Here the columns are renamed for easy python use. The units and descriptions are saved in the units variable.

In [None]:
raw_dataset.rename(columns={'wind speed [m/s]':'ws [m/s]'}, inplace=True)
raw_dataset.rename(columns={'ki  [1:closed 0:open]':'ki [1:closed 0:open]'}, inplace=True)
feature_info = {}
new_cols = []
plugs = []
windows = []
lights = []
occ = []
temp = []
hum = []
for col in raw_dataset.columns:
  name, unit = col.split(' ', 1)                       
  feature_info[name] = unit
  if unit == '[C]' and name != 'tempOut':
    new_cols.append(name + '_temp')
    temp.append(name + '_temp')
  elif unit == '[%]' and name != 'rh':
    new_cols.append(name + '_hum')
    hum.append(name + '_hum')
  elif unit == '[W]':
    new_cols.append(name + '_plug')
    plugs.append(name + '_plug')
  elif unit == '[1:closed 0:open]':
    new_cols.append(name + '_window')
    windows.append(name + '_window')
  elif unit == '[0:off 1:on]':
    new_cols.append(name + '_light')
    lights.append(name + '_light')
  elif unit == '[0:vacant 1:occupied]':
    new_cols.append(name + '_occ')
    occ.append(name + '_occ')
  else:
    new_cols.append(name)


raw_dataset.columns = new_cols

In [None]:
continuous = ['tempOut', 'Wind', 'rh', 'gh', 'ws', 'plug_average', 'indoor_temp', 'indoor_humidity']
window_states = ['o1_1_window', 'o1_2_window', 'o1_3_window', 'o1_4_window', 'o2_1_window', 'o2_2_window',
                 'o3_1_window', 'o3_2_window', 'o3_3_window', 'o3_4_window', 'o4_1_window', 'o4_2_window',
                 'mr_1_window', 'mr_2_window', 'mr_3_window', 'mr_4_window', 'mr_5_window', 'mr_6_window']
state = ['occupancy', 'window_state', 'light_state']

In [None]:
raw_dataset[window_states].hist(figsize=(10,10))

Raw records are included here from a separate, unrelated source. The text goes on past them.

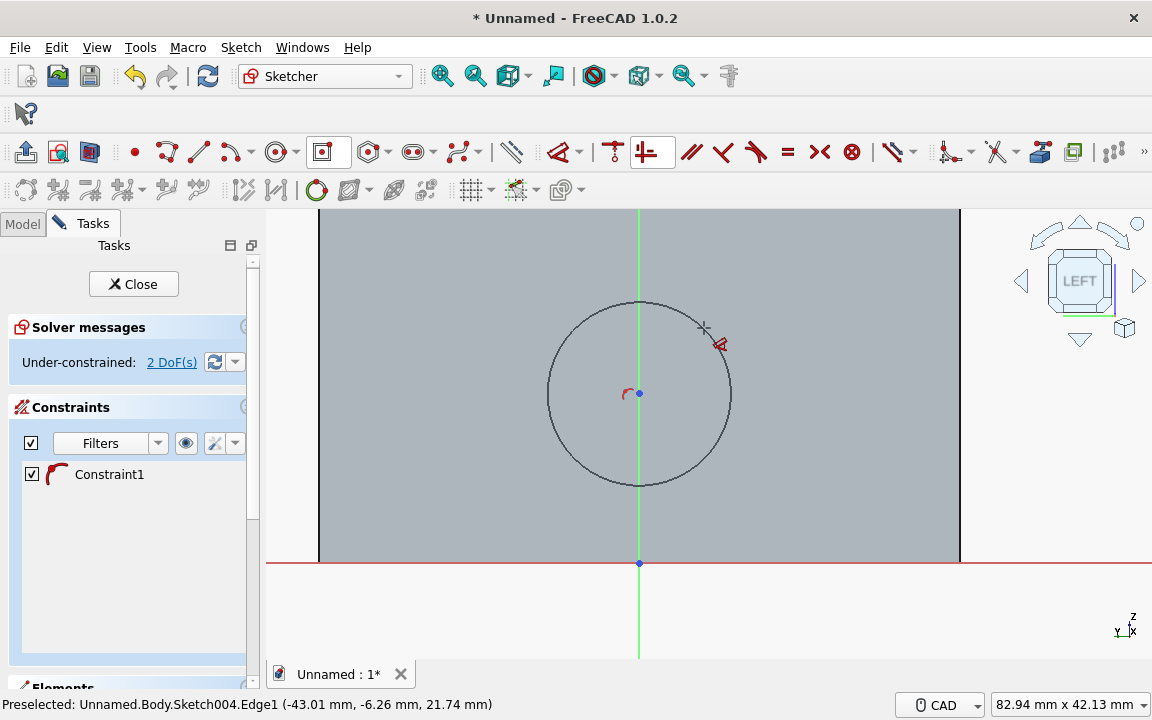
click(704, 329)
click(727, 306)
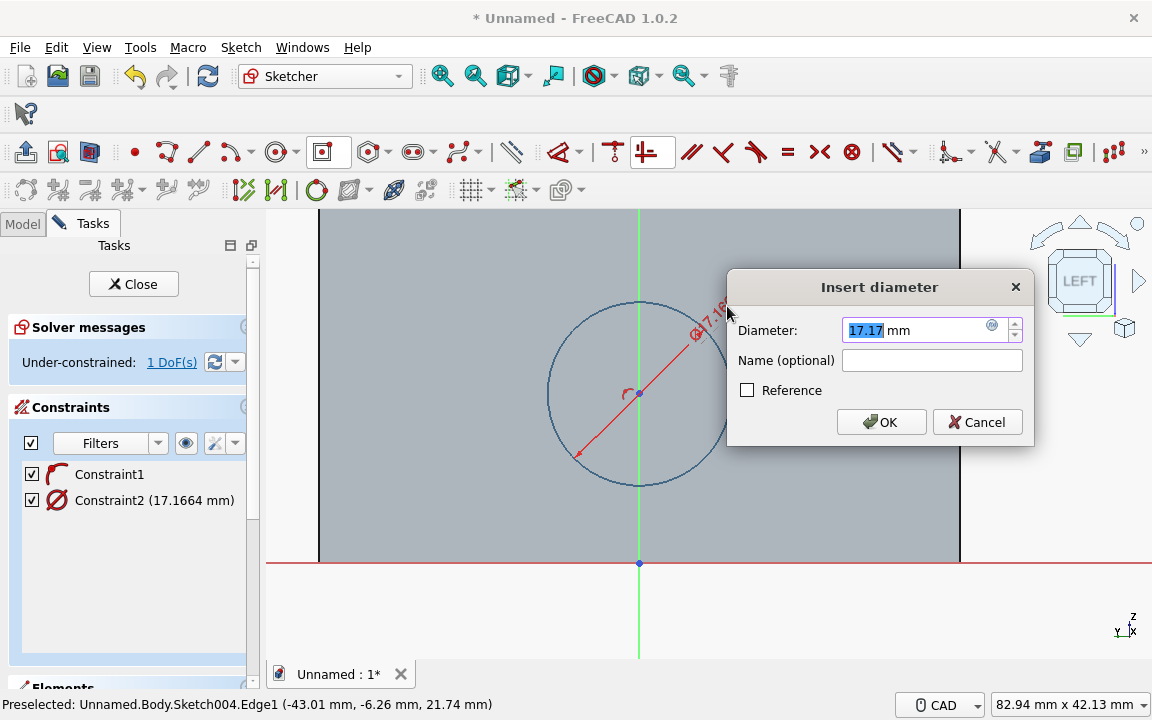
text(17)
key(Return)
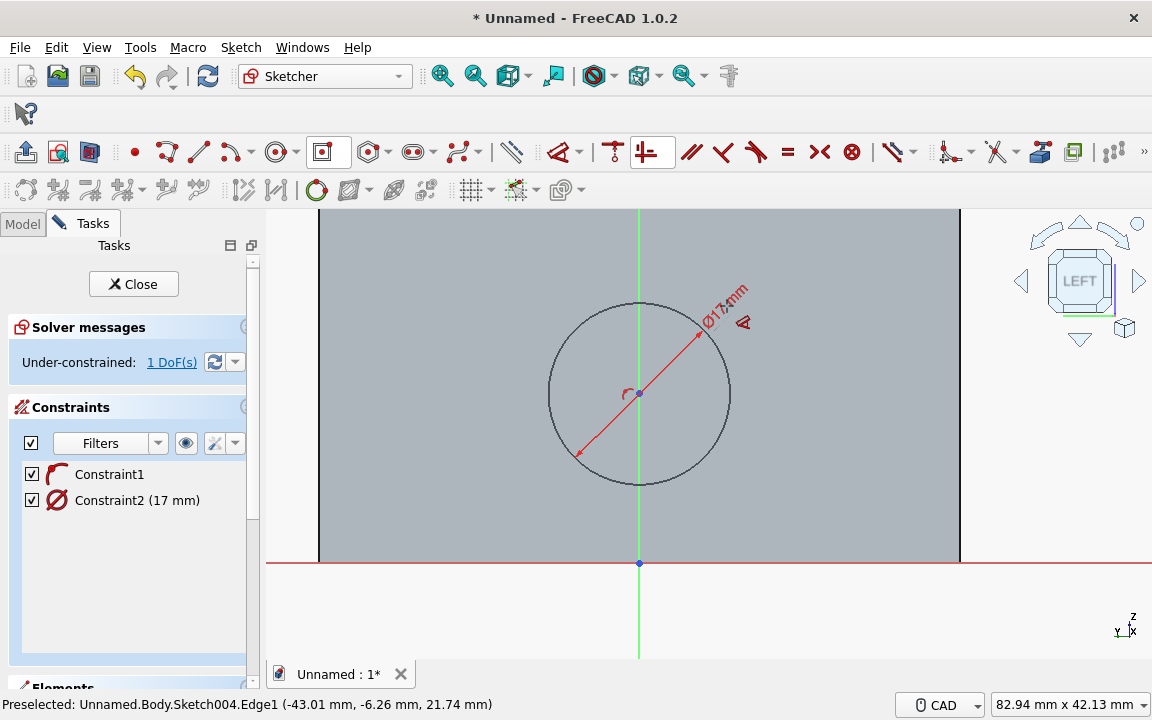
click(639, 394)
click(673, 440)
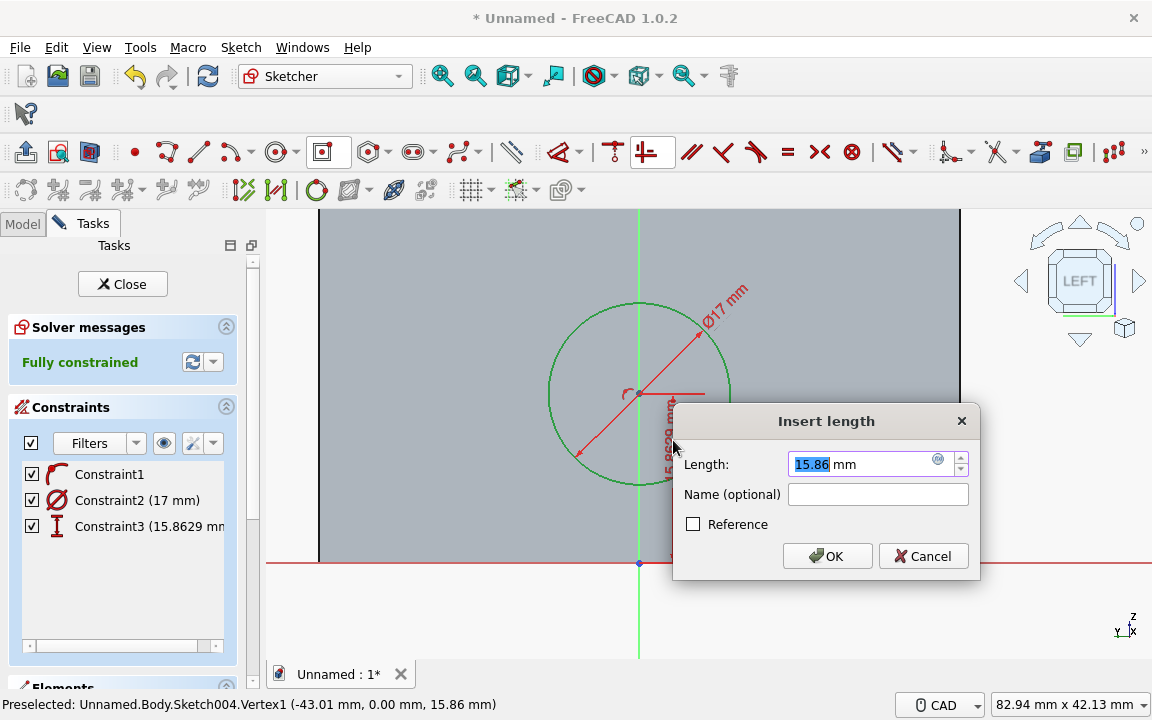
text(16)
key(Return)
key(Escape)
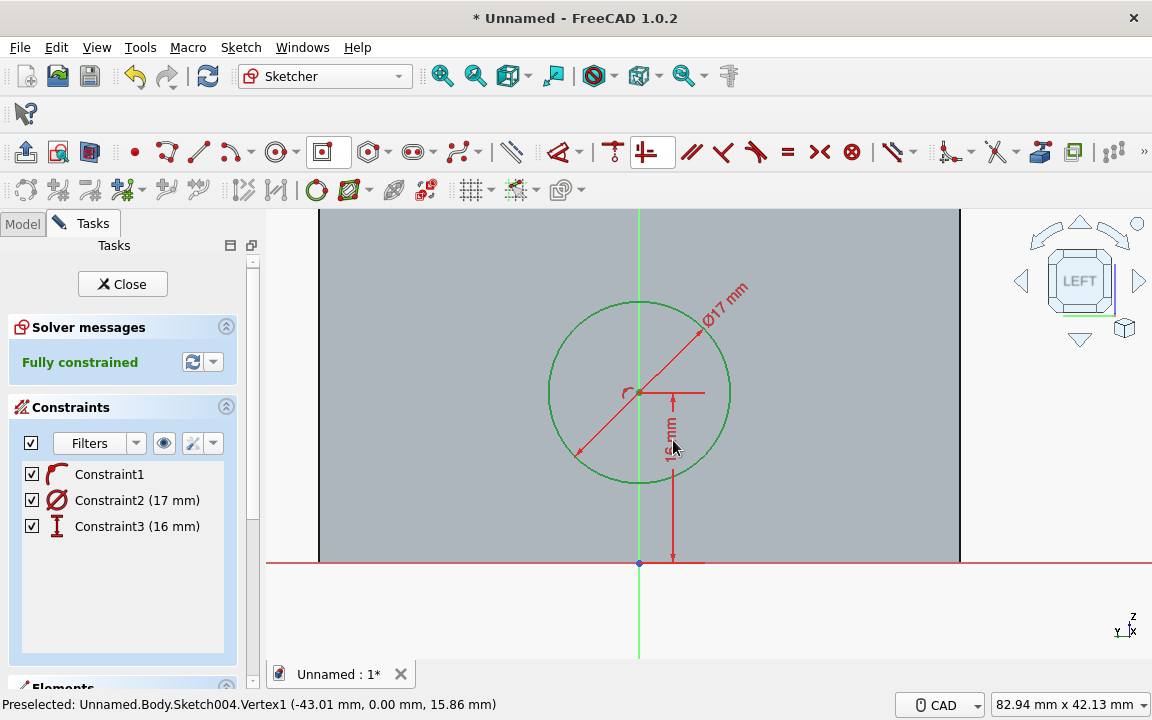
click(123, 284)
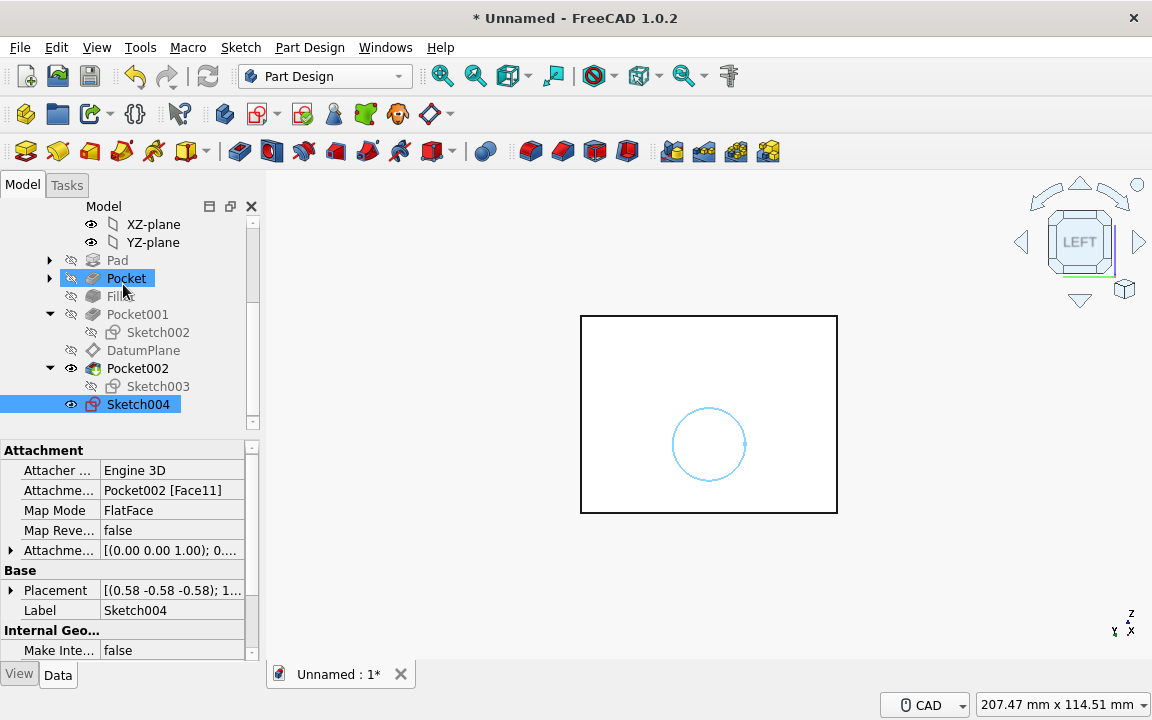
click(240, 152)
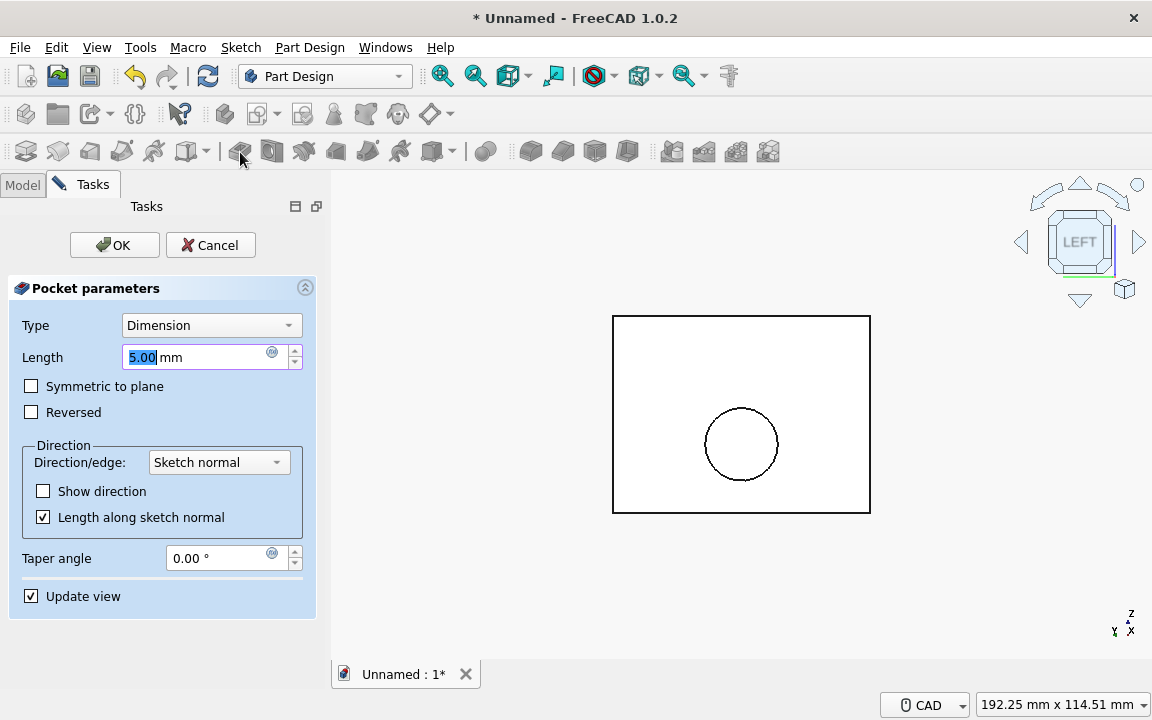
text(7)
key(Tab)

Window state is predominantly closed. And when combined window states are closed at all times. Look at chaning window state per room.

In [None]:
raw_dataset.head(10)

In [None]:
occ

In [None]:
raw_dataset['plug_average'] = raw_dataset[plugs].mean(axis=1)

In [None]:
raw_dataset['indoor_temp'] = raw_dataset[temp].mean(axis=1)

In [None]:
raw_dataset['occupancy'] = raw_dataset[occ].any(axis=1).astype(int)

In [None]:
raw_dataset['window_state'] = raw_dataset[windows].any(axis=1).astype(int)

In [None]:
raw_dataset['light_state'] = raw_dataset[lights].any(axis=1).astype(int)

In [None]:
raw_dataset['indoor_humidity'] = raw_dataset[hum].mean(axis=1)

In [None]:
raw_dataset.head()

In [None]:
clean_dataset = raw_dataset.drop(occ+windows+lights+temp+hum+plugs, axis=1)

In [None]:
clean_dataset.to_csv(path + 'clean_data/clean_data.csv', index=True)

In [None]:
clean_dataset.head()

Notes on dataset.



*   Occupancy on 15 minute time interval Wind Direction on 1 hour. Use linear interpolation between hours to fill missing data. Another option would be to use occupancy in the past hour.
*   Best to match the power load for the building format to maximize usable data.
*  May be useful to use total Equipment power for the building a predicted value.



In [None]:
# plot the scatter matrix
feature_names = raw_dataset.columns
m = len(raw_dataset.columns) - 1
fig = px.scatter_matrix(raw_dataset, dimensions=feature_names)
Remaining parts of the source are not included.